Scientific progress on E. bieneusi has been slow, largely because of a lack of in vitro and in vivo models for parasite propagation and laboratory investigations. While E. bieneusi did appear to infect cells in culture, the spore yields were low and continuous culture could not be maintained (25). Natural infections of immunologically competent and immunodeficient macaques have also been reported, and the distribution of infection and lesions are similar to those seen in infected humans (8, 9, 16, 17, 20). In macaques infected with simian immunodeficiency virus, lesions associated with E. bieneusi are localized in the cytoplasm of epithelial cells of the gallbladder, bile ducts, and small intestine, leading to proliferative cholecystitis, cholangiohepatitis, and enteropathy, which closely resemble the conditions seen in AIDS patients. We have successfully established E. bieneusi infections with spores of human origin in simian immunodeficiency virus-infected macaques (24) and immunosuppressed gnotobiotic piglets (15). In both models, however, the infection was asymptomatic and very mild, and the excretion of spores in the feces was sparse and intermittent. These models provided insufficient spores for laboratory investigations or for parasite purification and propagation in animals and in cell culture. The lack of sources of E. bieneusi spores has also limited the ability to generate immune diagnostic reagents. Consequently, at present diagnosis depends entirely on PCR, which is time-consuming and which requires sophisticated skills and equipment. Monoclonal antibodies (MAbs) specific for E. bieneusi have recently been described by investigators in Europe (2) but are not available to other investigators.
Here we describe a method for the concentration and purification of E. bieneusi spores from human stools and the production of highly efficient and specific polyclonal antibodies against E. bieneusi.
MATERIALS AND METHODS
Collection of stools with E. bieneusi. Stools from individuals with chronic watery diarrhea were collected in disposable plastic containers at Mulago Hospital, Kampala, Uganda. The samples were screened for the presence of E. bieneusi spores by calcofluor white staining, and the results were confirmed by PCR. Positive watery stool samples were sieved to remove large particles, followed by centrifugation at 4,000 x g (Sorvall RC 3C Plus instrument) for 40 min in 50-ml centrifuge tubes. The pellets were resuspended in 10 ml of phosphate-buffered saline (PBS) and were stored at 4°C until further processing.

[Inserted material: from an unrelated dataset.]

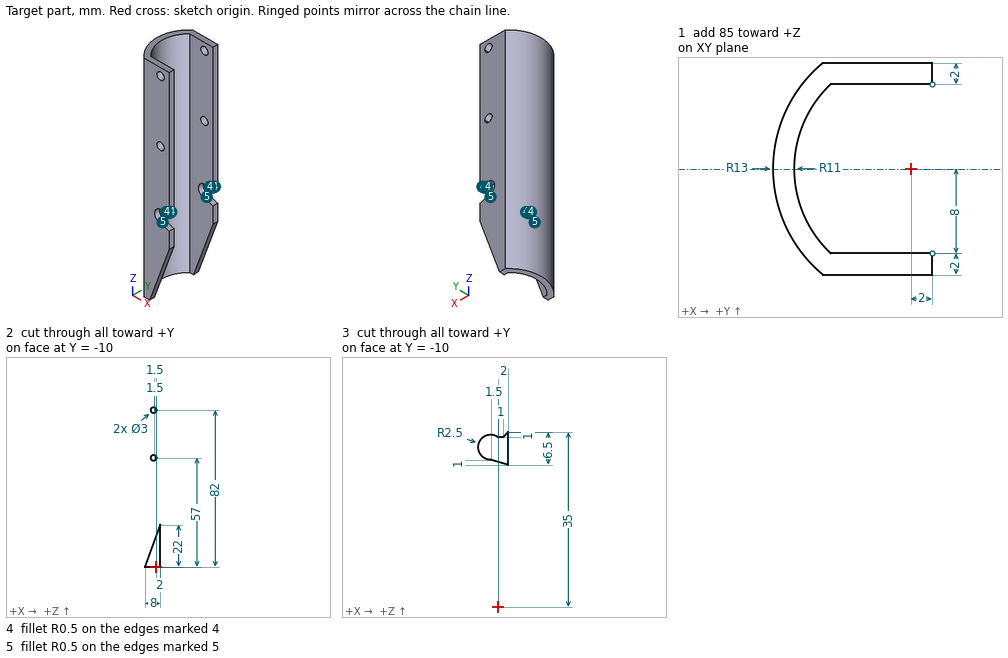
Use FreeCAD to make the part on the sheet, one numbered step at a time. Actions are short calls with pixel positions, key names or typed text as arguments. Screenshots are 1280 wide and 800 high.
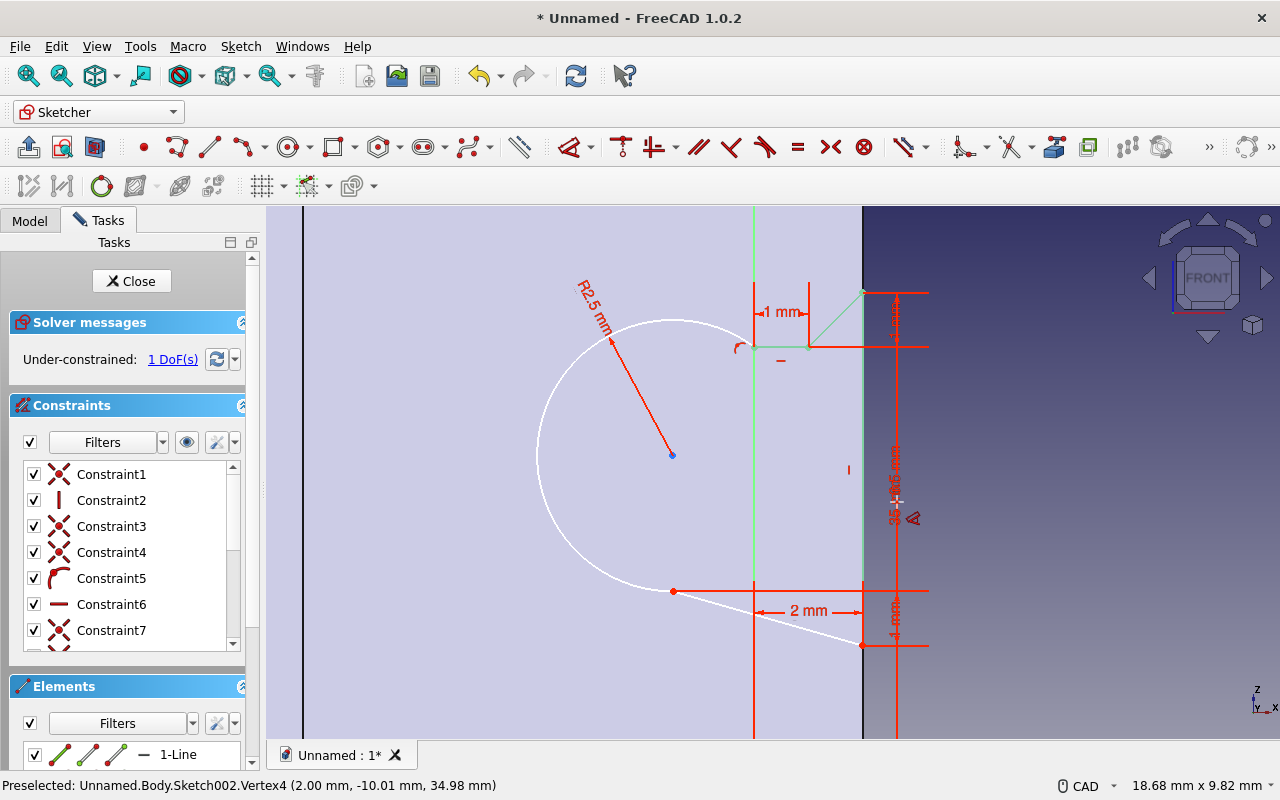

Calcofluor white staining. Calcofluor white (Remel) staining was performed according to the directions of the manufacturer. Five hundred microliters of calcofluor white reagent A (10% potassium hydroxide) was added to fecal smears, the contents were mixed gently, and then 500 μl of calcofluor white reagent B (0.1% calcofluor white) was added to each slide and the contents were mixed. The smears were stained for 1 min and rinsed with distilled water. The slides were dried, coverslips were mounted with aqueous mounting medium containing antifading compound [1,4-diazobicyclo (2,2,2)-octane (DABCO); Sigma, St. Louis, Mo.], and the slides were observed under a UV microscope at a wavelength of 395 to 415 nm. The spores appeared as bluish white or turquoise oval (or somewhat circular) halos.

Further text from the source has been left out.